Первый «западный» финансовый эксперимент с треском провалился.
И видя царь, что в денгах почало быть воровство великое и много кровопролития учинилося, а те медные денги год от году подешевели…, велел те медные денги отставить и не торговать.
Бунт Григорий Котошихин вместе с другими подьячими и писцами переживал в стенах Посольского приказа, выглядывая из окошка на паперть Архангельского собора, чтобы убедиться, не прорвалась ли толпа в Кремль. Они не услышали, как сзади к ним подошёл повытчик Савелий Собакин и начал «охаживать» их указкой по спинам:
– Вам бы всё бездельничать, сучьи сыны! – засипел он, брызгая на них слюной. – Вам велено что делать? Ты, Гришка, закончил столбцы про свейские дела? А? Завтра спросит думный дьяк – что я ему отвечу? А ты, Никишка, опасную грамоту для голландцев переписал? А ну по своим местам!
Ох уж эти столбцы! Ох уж эти опасные грамоты! Надоели они всем хуже горькой редьки. То ли дело находиться при каком-нибудь посольстве – по крайней мере, что-то новое увидишь. Или попасть бы в Казённую палату, где вместо документов и книг хранились царские сокровища: посуда, драгоценности, меха, мебель и прочая и прочая. Из запасов Казённой палаты отбирались поминки для иностранных послов и королей, работали там, как правило, люди торговые, понимающие толк в вещах. Сам дьяк Алмаз Иванов, купец гостиной сотни, начинал свою карьеру в Казённой палате.
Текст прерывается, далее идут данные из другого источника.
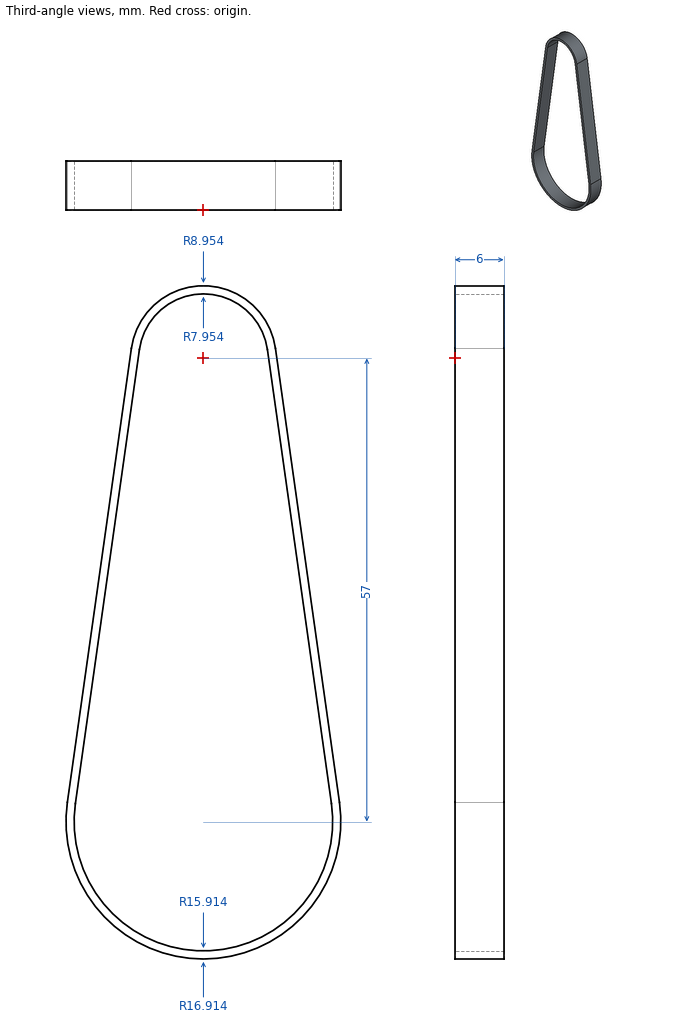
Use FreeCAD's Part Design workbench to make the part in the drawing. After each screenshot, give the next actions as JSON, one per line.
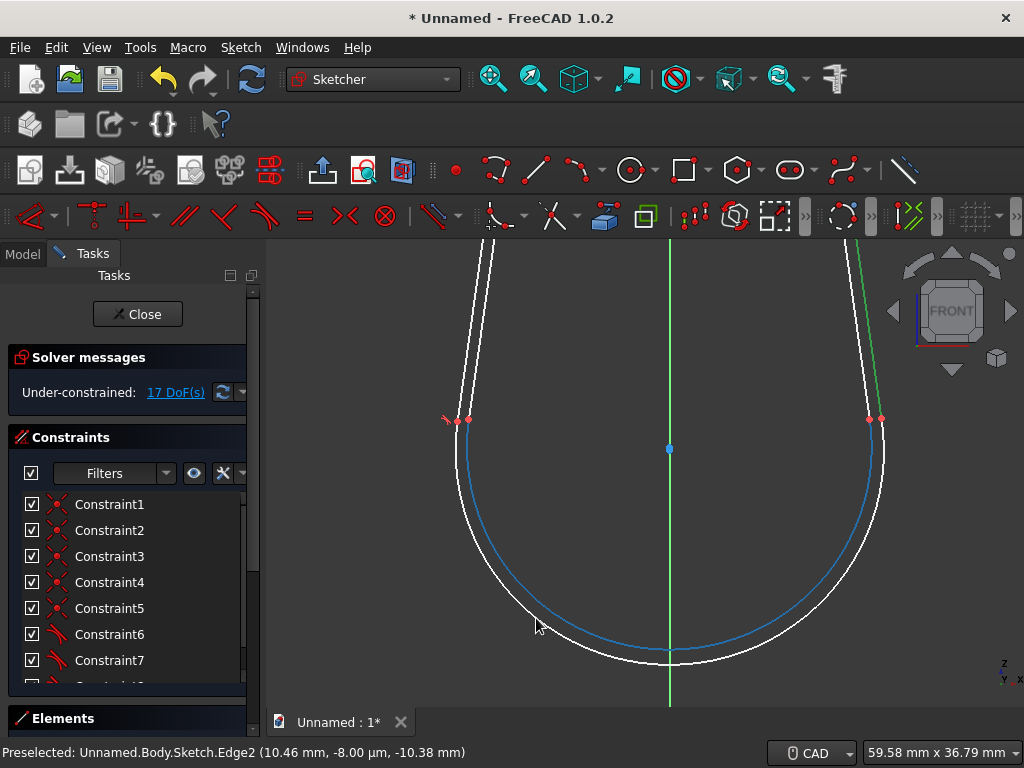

После возвращения из Стокгольма Котошихин был определён в повытье, занимающееся шведскими, датскими, голландскими и английскими делами, во главе которого стоял приписной дьяк Собакин, во всех отношениях оправдывающий своё прозвище. Он строго следил за тем, чтобы подчинённые ему младшие подьячие и писцы во время и аккуратно составляли записки, отписки, справки и прочие документы, подшивали бы их в столбцы, приобщали в тетрадки, а из тетрадок сшивали и посольские книги – основные источники сведений по той или иной проблеме или стране. Сам Собакин сочинял документы и подписывал некоторые из них – отсюда и звание такое – приписной подъячий. С него тоже спрашивали по всей строгости.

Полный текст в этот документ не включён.